TaxCopilot · AI Legal Tech

Overview

TaxCopilot is an AI-powered legal assistant built for Indian tax professionals. It helps lawyers, consultants, and businesses navigate GST notices and disputes—taking a scanned PDF of a tax notice and turning it into a structured legal analysis, a grounded reply draft, and an ongoing conversation grounded in actual law.

The core challenge was not just "wrapping an LLM around legal documents." It was building a system that could cite real sections, refuse to hallucinate, and produce court-ready output while remaining fast enough for daily professional use.

Problem

Indian tax professionals face an avalanche of GST notices and dispute filings, each requiring:

• Document parsing from scanned, non-machine-readable PDFs
• Deep knowledge of the CGST Act, SGST Act, IGST Act, GST Rules, and Income Tax Act 1961
• Drafting formal, legally defensible replies citing specific sections and rules
• Doing all of this under tight deadlines

The existing workflow is almost entirely manual. A consultant receives a notice, extracts the key demands by reading it line by line, looks up relevant sections, and drafts a reply in Google Docs. This can take hours per case.

Solution

TaxCopilot compresses that workflow into minutes. A user uploads their notice, and the system:

1. OCR-extracts the full text using AWS Textract (handling scanned PDFs and handwritten notices)
2. Retrieves relevant law from a pgvector knowledge base seeded with Indian tax statutes
3. Analyzes the notice—classifying its type, extracting demands, deadlines, and risk level
4. Generates a formal draft reply grounded strictly in retrieved law (with citation validation and automatic retry on hallucination)
5. Enters a live chat session where the user can drill into any aspect, ask follow-up questions, and generate strategy or HTML-formatted drafts

Every legal assertion is traced back to a retrieved passage. If the knowledge base doesn't have it, the system says so—it does not fabricate section numbers.

Architecture

TaxCopilot is built as four decoupled services, each with a focused responsibility.

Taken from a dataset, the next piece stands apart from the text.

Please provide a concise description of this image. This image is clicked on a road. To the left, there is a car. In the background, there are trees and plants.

• AI Microservice (Python / FastAPI): The intelligence layer. Handles all five modes—chat, decode, analyze, strategy, and draft—via a single unified /api/v1/ask endpoint. Uses pgvector for semantic retrieval (Bedrock Titan embeddings) and AWS Bedrock (Nova Lite) as the primary LLM, with Gemini 2.5 Flash as an automatic fallback. Chat history is stored server-side in PostgreSQL.

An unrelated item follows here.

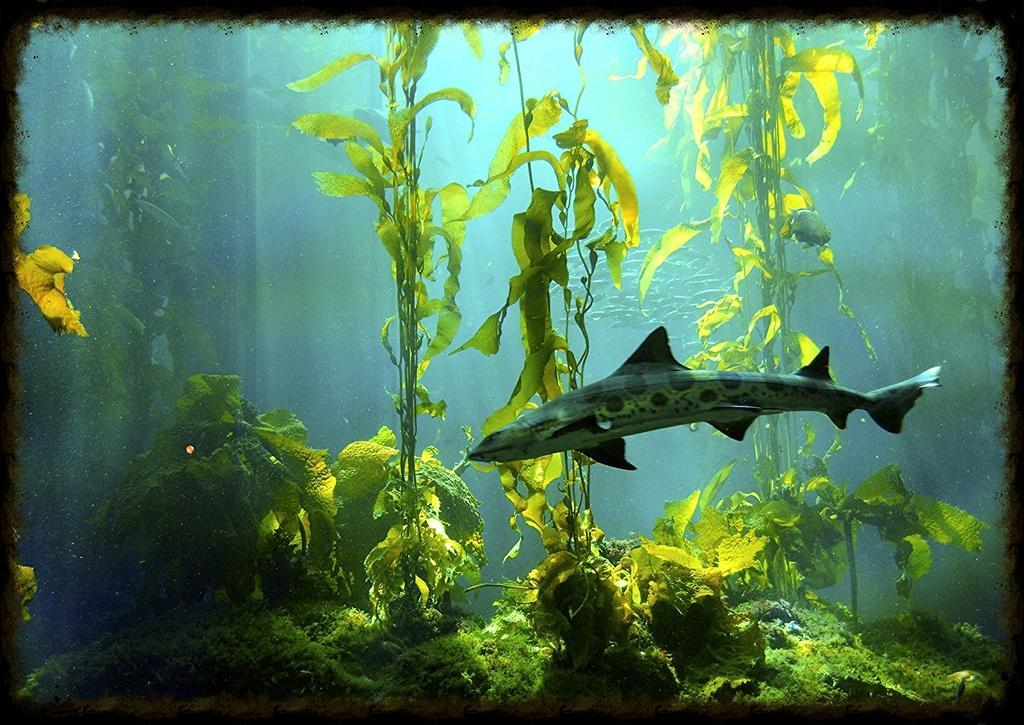How would you summarize this image in a sentence or two? In the picture we can see water plants and fish in the water.

• Backend Service (Node.js / Express / Prisma): Manages users, authentication (JWT), cases, documents, and file uploads to S3. Implements soft-delete and restore for cases, and persists per-case chat sessions and message history.

• Gateway Service (Node.js / Express): A lightweight reverse proxy that rate-limits all inbound traffic, validates JWT tokens, and routes requests to the appropriate downstream service. The frontend only ever talks to the gateway.

• Frontend (Next.js / TypeScript): A clean workspace UI with a case-based structure. Each case has its own sidebar, document library, chat panel, and a rich-text editor (TipTap) for drafting. A custom FontSizeExtension enables professional formatting in the legal draft editor.

Challenges

1. Hallucination Prevention

LLMs will confidently cite non-existent sections if not constrained. I built a citation validation pass that extracts every Section X and Rule Y reference from the model's output and checks whether those numbers appear in the retrieved context. If they don't, the system sends an explicit warning message and forces a retry. The final output marks whether the reply is fully grounded.

2. Dual-LLM Fallback Without Code Duplication

Both Bedrock and Gemini are called identically—same LangChain interface, same prompt structure. On any Bedrock failure (BotoCoreError, ClientError), the system falls back to Gemini transparently. The _invoke_bedrock_with_fallback helper encapsulates this, keeping mode-specific services clean.

3. Server-Side Chat History

Rather than trusting the frontend to send accurate history on every request, TaxCopilot stores all messages in a Postgres table with (document_id, mode, created_at) indexing. Each mode request loads only the last N messages as context. This means context is always consistent regardless of which device or tab the user is on.

4. Agentic Legal Drafting

The "draft" mode editor isn't just generation—it is an agentic editor. The system receives the full HTML document and a user instruction ("add a confidentiality clause after paragraph 3", "fill state as Maharashtra"), then returns the complete modified document. The output is direct HTML, preserving all formatting, indentation, and legal structure. No markdown, no partial sections.

Learnings

Building a production AI product on top of regulated, citation-dependent content forced a discipline that toy projects don't. You cannot get away with vague output when a wrong section number could cause a client to lose a ₹10 lakh dispute.

The biggest shift was moving from generation-first to retrieval-first thinking. The LLM is the last step, not the first. Everything before it—Textract, pgvector retrieval, history loading, document caching—exists to give the model the exact right context so it can stop guessing.